El avance del Alzheimer y una vida que se desvanece

Por N. R. Kleinfield
Durante un momento de reflexión, Geri Taylor se sentó y, a manera de ejercicio, escribió los cambios que estaba empezando a sentir. El título: “Cosas que cambian a partir de la disminución de capacidades”.

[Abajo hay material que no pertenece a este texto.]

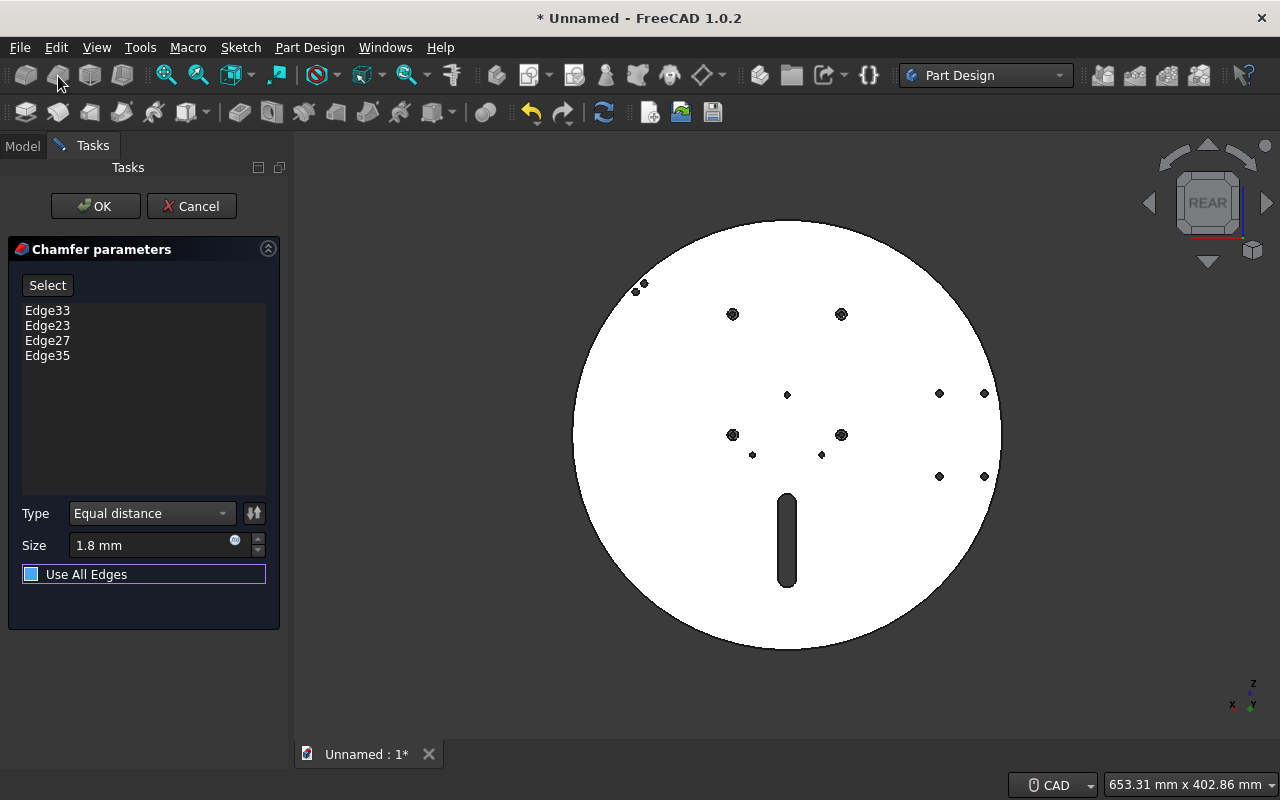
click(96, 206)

El informe, redactado con la precisión de una inspección, le servía para explicarse a sí misma quién era. Fue un cable a tierra, pues le permitió darse cuenta de lo mucho que dependía de los demás y cómo eso había herido su orgullo.

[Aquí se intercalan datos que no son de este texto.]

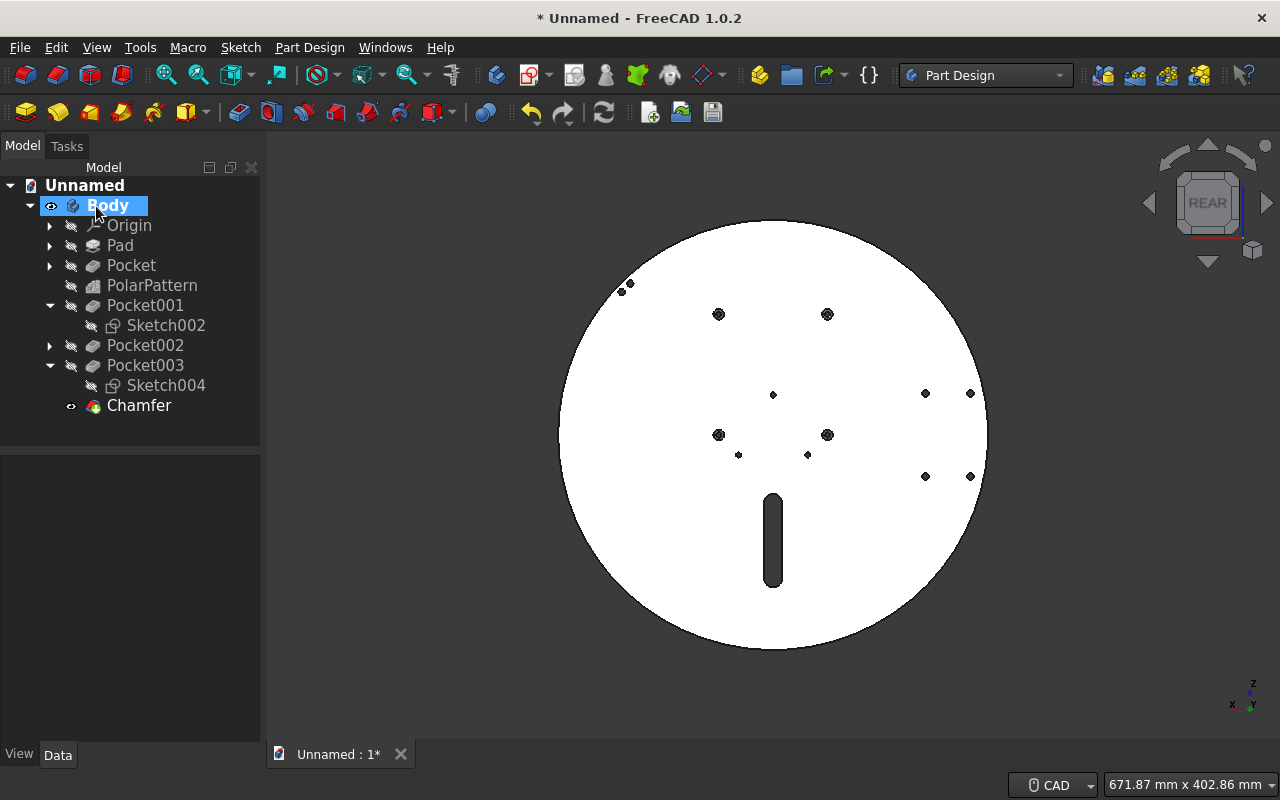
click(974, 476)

El documento tiene dos páginas. Aparecían las consecuencias esperadas: no conducir, no viajar sola (excepto en subte, colectivo o tren) elegir libros más simples, planear con cuidado cualquier actividad al aire libre, (“llevar siempre la misma cartera, revisar constantemente las cosas que tengo cuando estoy fuera. En nueve meses he perdido un chaleco, botas, un reloj y mis gafas, y eso no es normal”.
La lista también incluía algunas ideas optimistas. Por ejemplo: escribió que ahora disfrutaba de los amigos y la familia más que nunca. “Llamar todos los días, escribir mensajes dos o tres veces al día” y algo totalmente inesperado: “Tomar el trabajo de la casa con mayor seriedad y dedicarle tiempo”.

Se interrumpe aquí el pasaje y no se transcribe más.